**** Excerpted records

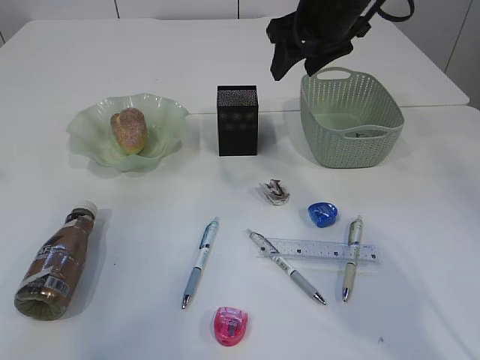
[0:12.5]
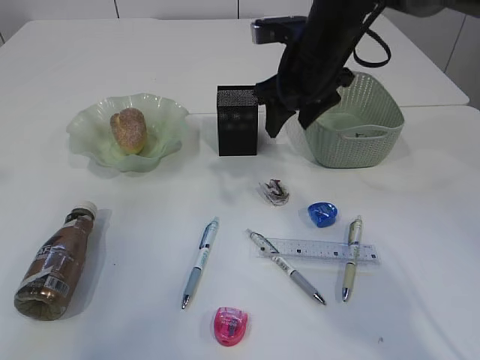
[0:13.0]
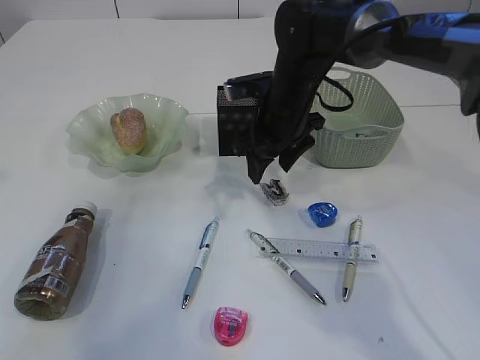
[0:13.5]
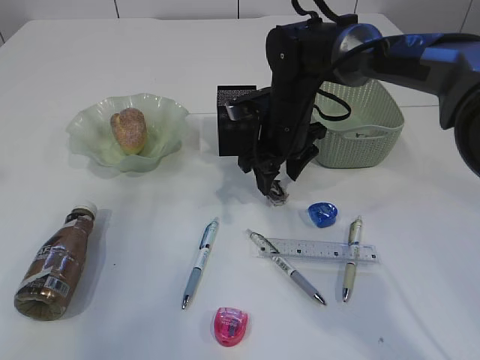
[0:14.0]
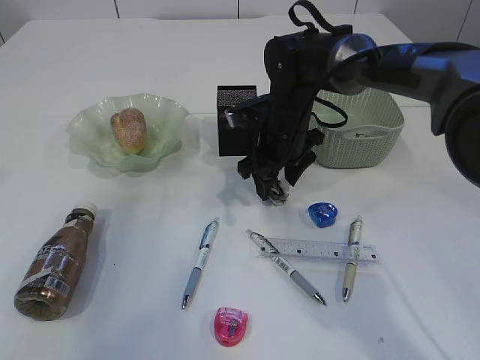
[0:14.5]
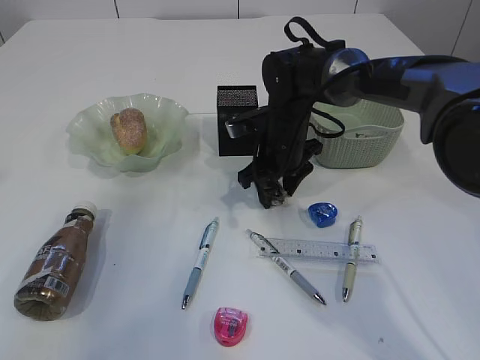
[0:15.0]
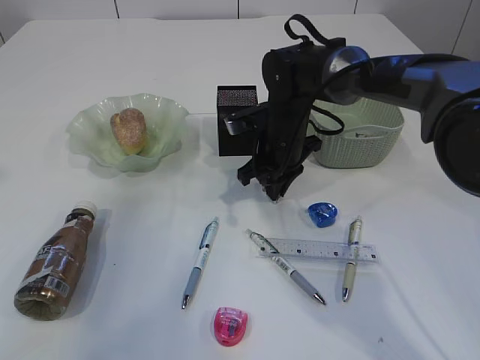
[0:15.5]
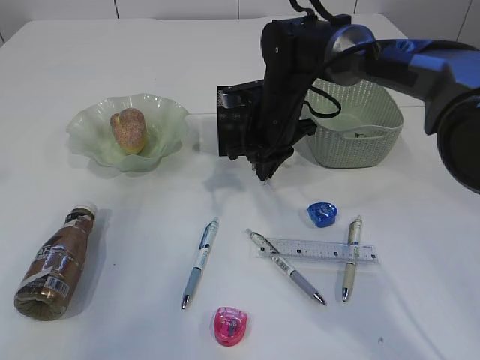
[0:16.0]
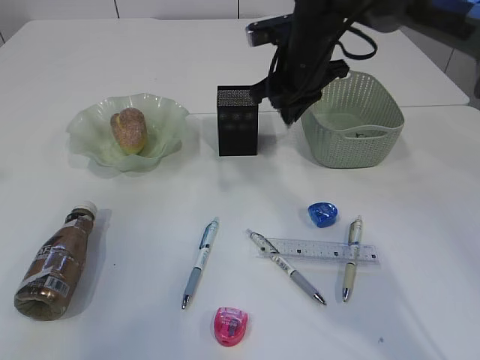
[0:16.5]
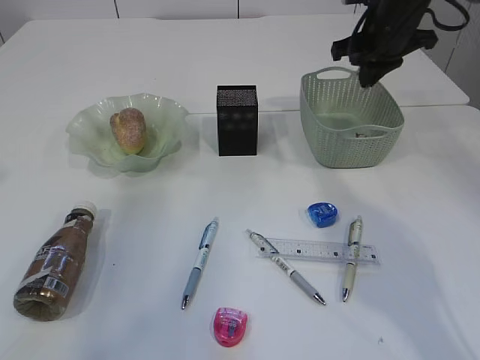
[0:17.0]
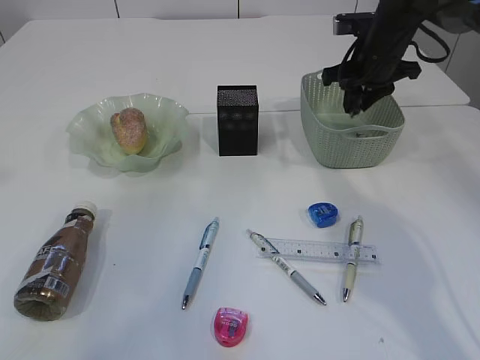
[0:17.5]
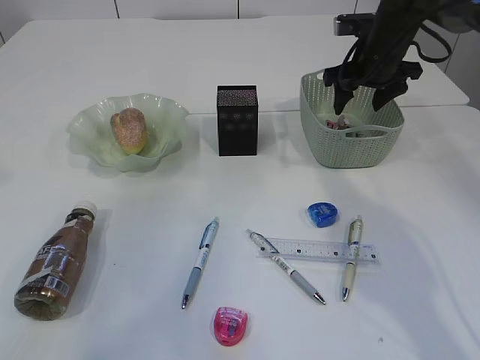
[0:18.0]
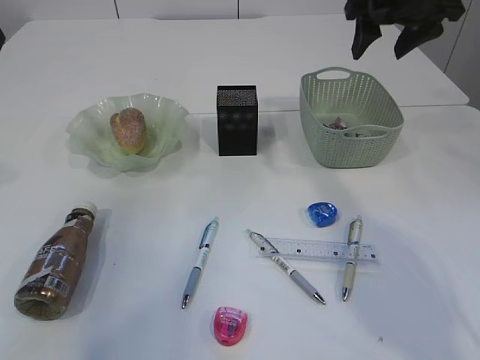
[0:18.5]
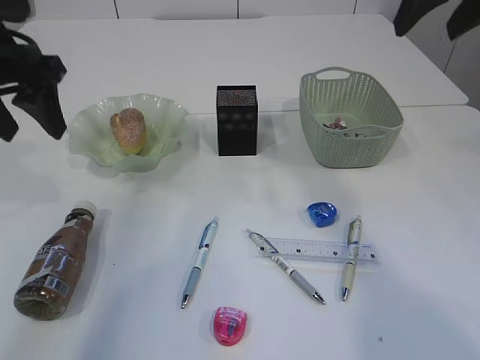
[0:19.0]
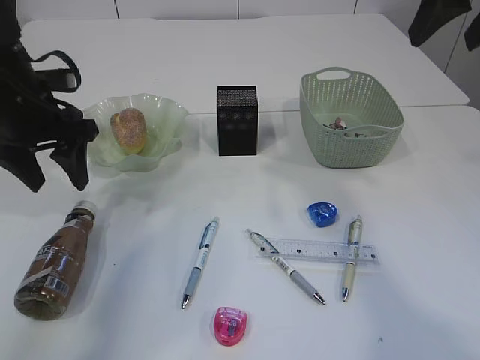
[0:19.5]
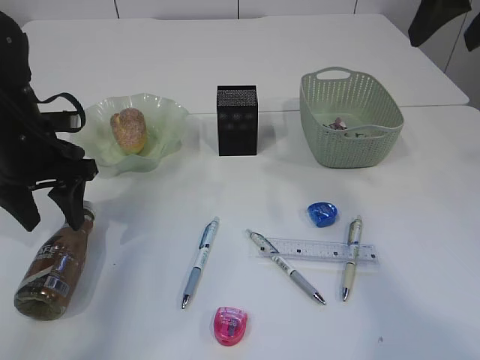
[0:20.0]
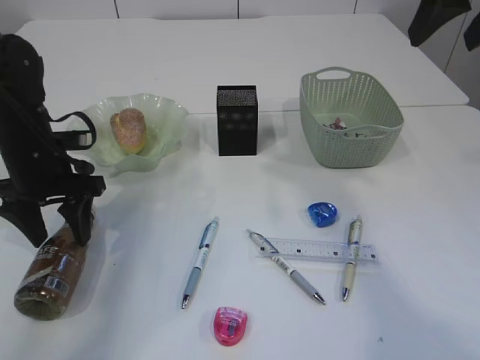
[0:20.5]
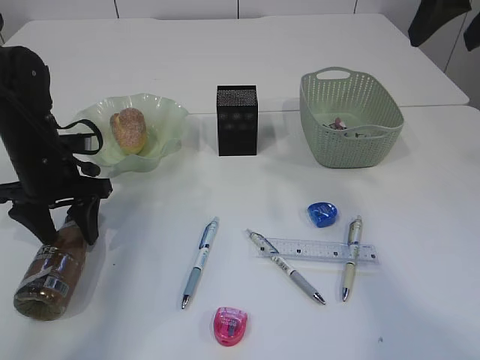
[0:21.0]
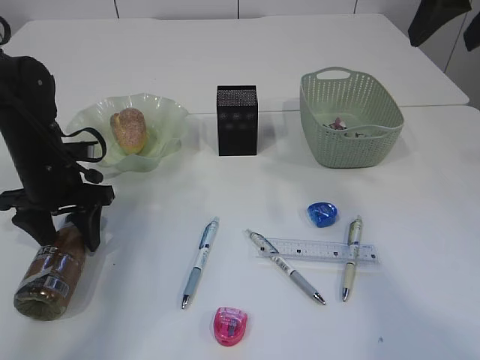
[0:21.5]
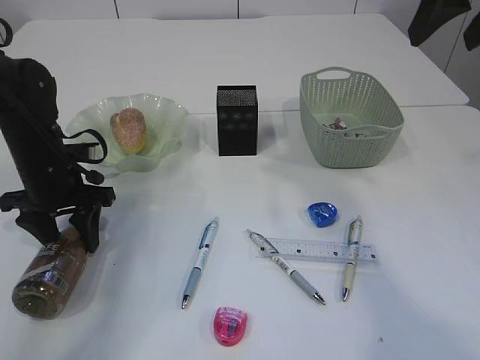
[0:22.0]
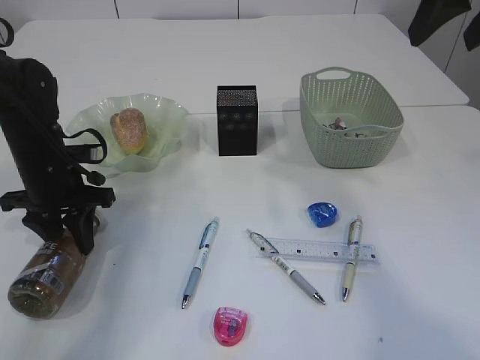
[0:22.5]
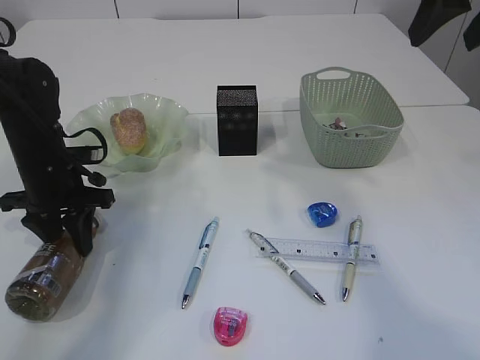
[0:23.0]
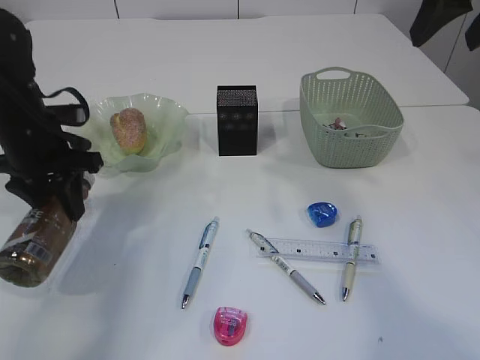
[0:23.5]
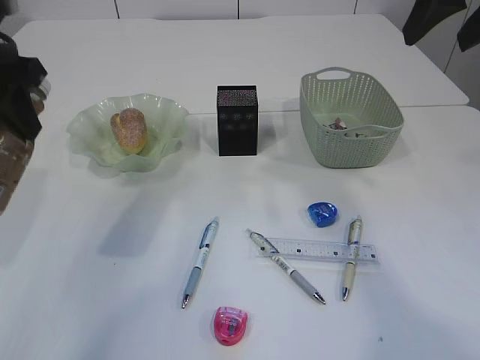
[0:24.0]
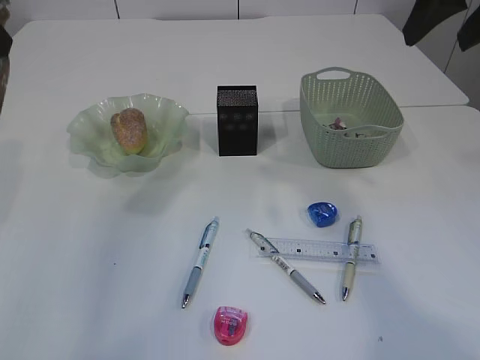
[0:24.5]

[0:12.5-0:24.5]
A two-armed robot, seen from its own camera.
Step, 0:12.5 to 0:16.0: Pick up the waste paper.
Step, 0:16.5 to 0:18.0: Place the waste paper in the basket.
Step, 0:18.5 to 0:23.5: Pick up the bottle with the left arm.
0:12.5 to 0:14.5: The right gripper travels downward by about 15 cm.
0:14.5 to 0:16.5: The right gripper heads upward, covering roughly 10 cm, and closes up.
0:16.5 to 0:18.5: The right gripper heads to the right and upward, covering some 15 cm, and opens.
0:18.5 to 0:20.5: The left gripper goes approximately 25 cm downward. The right gripper goes roughly 15 cm backward and upward.
0:20.5 to 0:22.5: The left gripper closes up.
0:22.5 to 0:24.5: The left gripper goes some 25 cm upward.

********

● Exercise
Retype the listing exactly. Leave out its pictures.

● Answer to the problem
[0:12.5]
[0:13.0]
[0:13.5]
[0:14.0]
[0:14.5]
[0:15.0]
[0:15.5]
[0:16.0]
[0:16.5]
[0:17.0]
[0:17.5]
[0:18.0]
[0:18.5]
[0:19.0]
[0:19.5]
[0:20.0]
[0:20.5]
[0:21.0]
[0:21.5]
[0:22.0]
[0:22.5]
[0:23.0]
[0:23.5]
[0:24.0]
[0:24.5]

[0:12.5-0:24.5]
A two-armed robot, seen from its own camera.
Step, 0:12.5 to 0:16.0: Pick up the waste paper.
Step, 0:16.5 to 0:18.0: Place the waste paper in the basket.
Step, 0:18.5 to 0:23.5: Pick up the bottle with the left arm.
0:12.5 to 0:14.5: The right gripper travels downward by about 15 cm.
0:14.5 to 0:16.5: The right gripper heads upward, covering roughly 10 cm, and closes up.
0:16.5 to 0:18.5: The right gripper heads to the right and upward, covering some 15 cm, and opens.
0:18.5 to 0:20.5: The left gripper goes approximately 25 cm downward. The right gripper goes roughly 15 cm backward and upward.
0:20.5 to 0:22.5: The left gripper closes up.
0:22.5 to 0:24.5: The left gripper goes some 25 cm upward.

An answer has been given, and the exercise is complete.